→ **Aim of the task**
The answer must be every line of the records below that contains the word "name".

━━━━━ Dataset records ━━━━━

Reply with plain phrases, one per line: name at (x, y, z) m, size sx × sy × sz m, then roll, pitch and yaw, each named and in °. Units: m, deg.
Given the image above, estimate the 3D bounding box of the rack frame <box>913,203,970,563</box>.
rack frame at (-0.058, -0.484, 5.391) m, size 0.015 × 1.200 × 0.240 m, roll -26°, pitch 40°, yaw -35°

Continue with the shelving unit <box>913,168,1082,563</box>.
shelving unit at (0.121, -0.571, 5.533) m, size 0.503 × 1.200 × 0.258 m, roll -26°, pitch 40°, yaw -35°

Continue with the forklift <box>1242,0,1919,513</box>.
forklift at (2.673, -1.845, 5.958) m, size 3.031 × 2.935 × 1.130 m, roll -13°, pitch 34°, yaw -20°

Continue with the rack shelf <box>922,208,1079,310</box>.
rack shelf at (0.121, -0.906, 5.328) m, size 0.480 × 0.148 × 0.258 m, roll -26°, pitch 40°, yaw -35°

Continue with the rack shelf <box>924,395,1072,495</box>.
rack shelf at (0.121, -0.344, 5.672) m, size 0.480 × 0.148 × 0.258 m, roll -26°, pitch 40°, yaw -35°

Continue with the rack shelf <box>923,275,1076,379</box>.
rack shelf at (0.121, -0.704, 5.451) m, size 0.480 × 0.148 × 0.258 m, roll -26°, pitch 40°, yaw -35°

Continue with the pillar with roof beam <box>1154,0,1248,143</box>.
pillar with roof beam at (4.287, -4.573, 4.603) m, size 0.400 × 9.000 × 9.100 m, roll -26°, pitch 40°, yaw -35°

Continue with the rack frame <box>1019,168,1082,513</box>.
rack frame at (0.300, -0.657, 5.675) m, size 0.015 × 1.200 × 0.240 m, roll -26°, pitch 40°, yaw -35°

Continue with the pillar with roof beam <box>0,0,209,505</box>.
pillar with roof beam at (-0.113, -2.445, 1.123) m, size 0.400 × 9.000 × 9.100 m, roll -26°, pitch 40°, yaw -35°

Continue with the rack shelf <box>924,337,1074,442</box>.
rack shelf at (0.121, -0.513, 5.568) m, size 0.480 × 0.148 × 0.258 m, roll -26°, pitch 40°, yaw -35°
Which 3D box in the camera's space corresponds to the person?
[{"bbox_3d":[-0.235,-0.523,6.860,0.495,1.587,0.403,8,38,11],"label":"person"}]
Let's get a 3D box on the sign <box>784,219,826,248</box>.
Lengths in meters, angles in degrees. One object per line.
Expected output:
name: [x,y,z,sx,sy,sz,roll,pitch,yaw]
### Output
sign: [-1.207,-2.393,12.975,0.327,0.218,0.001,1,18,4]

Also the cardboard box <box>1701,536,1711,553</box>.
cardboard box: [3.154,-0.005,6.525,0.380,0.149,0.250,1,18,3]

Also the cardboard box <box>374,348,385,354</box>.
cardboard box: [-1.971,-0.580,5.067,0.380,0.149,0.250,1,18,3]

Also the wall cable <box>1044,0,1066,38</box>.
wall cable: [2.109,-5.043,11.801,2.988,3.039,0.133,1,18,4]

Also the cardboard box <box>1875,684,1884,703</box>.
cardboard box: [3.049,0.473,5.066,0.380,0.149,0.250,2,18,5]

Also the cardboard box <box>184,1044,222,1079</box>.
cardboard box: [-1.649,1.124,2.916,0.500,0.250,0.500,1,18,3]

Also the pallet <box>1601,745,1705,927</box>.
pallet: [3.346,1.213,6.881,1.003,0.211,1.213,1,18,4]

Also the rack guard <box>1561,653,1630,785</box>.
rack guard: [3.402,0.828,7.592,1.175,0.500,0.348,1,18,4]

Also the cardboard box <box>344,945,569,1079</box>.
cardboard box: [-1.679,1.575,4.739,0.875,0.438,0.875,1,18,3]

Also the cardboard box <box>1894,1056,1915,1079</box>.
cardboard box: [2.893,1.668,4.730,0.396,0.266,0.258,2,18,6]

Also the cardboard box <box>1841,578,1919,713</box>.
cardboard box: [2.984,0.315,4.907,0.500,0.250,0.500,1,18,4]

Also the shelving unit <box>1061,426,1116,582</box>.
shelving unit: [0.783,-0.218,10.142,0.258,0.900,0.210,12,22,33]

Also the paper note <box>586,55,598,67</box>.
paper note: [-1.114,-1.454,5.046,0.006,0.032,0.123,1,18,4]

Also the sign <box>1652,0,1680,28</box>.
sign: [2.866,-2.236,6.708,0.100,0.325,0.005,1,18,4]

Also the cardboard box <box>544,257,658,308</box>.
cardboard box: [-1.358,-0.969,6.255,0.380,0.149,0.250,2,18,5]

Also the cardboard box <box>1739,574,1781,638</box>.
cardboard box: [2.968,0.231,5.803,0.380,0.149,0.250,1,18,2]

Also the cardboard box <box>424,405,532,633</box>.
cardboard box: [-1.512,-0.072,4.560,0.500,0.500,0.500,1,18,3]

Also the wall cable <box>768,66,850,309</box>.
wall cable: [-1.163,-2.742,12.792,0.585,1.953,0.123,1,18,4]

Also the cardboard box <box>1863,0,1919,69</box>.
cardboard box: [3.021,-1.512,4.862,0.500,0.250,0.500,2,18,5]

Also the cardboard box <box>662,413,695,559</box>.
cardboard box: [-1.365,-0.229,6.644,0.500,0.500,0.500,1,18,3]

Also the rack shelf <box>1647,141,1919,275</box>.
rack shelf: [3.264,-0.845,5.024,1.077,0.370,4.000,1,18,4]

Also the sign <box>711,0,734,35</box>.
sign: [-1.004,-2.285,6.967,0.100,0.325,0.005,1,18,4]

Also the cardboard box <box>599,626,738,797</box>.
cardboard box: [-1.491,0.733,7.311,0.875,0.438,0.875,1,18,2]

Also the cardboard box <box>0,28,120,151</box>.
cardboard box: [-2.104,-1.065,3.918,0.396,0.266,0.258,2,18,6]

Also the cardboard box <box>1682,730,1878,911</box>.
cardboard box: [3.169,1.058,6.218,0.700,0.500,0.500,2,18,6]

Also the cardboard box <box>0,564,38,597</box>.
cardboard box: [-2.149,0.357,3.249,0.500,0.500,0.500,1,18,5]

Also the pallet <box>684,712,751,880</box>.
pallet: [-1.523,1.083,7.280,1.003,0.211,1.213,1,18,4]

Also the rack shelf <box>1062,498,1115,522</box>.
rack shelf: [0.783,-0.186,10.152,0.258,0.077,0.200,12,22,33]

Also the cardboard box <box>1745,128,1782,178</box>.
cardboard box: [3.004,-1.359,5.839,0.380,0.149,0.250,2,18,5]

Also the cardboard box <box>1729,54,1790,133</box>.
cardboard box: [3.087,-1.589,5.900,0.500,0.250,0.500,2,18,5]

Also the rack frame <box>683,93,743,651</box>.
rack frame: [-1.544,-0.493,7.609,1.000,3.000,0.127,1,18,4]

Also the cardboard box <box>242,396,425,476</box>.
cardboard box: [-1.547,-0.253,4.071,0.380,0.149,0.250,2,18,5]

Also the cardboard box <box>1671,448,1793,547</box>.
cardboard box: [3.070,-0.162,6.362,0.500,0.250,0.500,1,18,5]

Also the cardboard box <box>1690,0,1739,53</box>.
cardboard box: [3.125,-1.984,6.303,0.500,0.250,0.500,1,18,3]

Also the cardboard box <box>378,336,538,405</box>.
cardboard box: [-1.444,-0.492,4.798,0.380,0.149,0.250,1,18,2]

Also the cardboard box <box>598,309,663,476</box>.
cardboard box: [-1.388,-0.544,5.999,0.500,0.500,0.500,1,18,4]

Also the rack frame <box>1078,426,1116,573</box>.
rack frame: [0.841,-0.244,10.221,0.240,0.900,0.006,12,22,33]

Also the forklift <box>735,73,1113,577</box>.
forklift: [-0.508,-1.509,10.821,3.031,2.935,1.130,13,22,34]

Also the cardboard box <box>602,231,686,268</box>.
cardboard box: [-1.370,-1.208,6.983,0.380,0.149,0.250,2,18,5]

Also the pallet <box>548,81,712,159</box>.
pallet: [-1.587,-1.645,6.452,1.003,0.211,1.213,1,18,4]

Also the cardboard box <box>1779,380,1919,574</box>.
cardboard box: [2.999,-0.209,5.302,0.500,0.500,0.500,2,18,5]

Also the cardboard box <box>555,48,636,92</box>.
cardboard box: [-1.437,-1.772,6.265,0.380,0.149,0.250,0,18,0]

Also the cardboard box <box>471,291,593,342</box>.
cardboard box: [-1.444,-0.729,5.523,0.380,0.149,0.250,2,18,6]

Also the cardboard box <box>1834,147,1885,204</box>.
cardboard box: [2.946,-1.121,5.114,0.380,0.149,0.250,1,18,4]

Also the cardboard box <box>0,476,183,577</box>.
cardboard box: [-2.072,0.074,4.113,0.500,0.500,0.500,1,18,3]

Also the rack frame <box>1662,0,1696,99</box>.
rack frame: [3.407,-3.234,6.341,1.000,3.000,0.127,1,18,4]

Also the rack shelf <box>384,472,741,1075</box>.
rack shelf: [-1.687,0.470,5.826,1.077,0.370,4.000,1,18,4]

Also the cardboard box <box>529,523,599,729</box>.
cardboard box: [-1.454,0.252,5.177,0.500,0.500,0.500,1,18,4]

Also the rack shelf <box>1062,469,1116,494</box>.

━━━━━

→ **Answer section**
Reply with plain phrases, one per line: name at (x, y, z) m, size sx × sy × sz m, then roll, pitch and yaw, each named and in °. Units: m, deg.
name: [x,y,z,sx,sy,sz,roll,pitch,yaw]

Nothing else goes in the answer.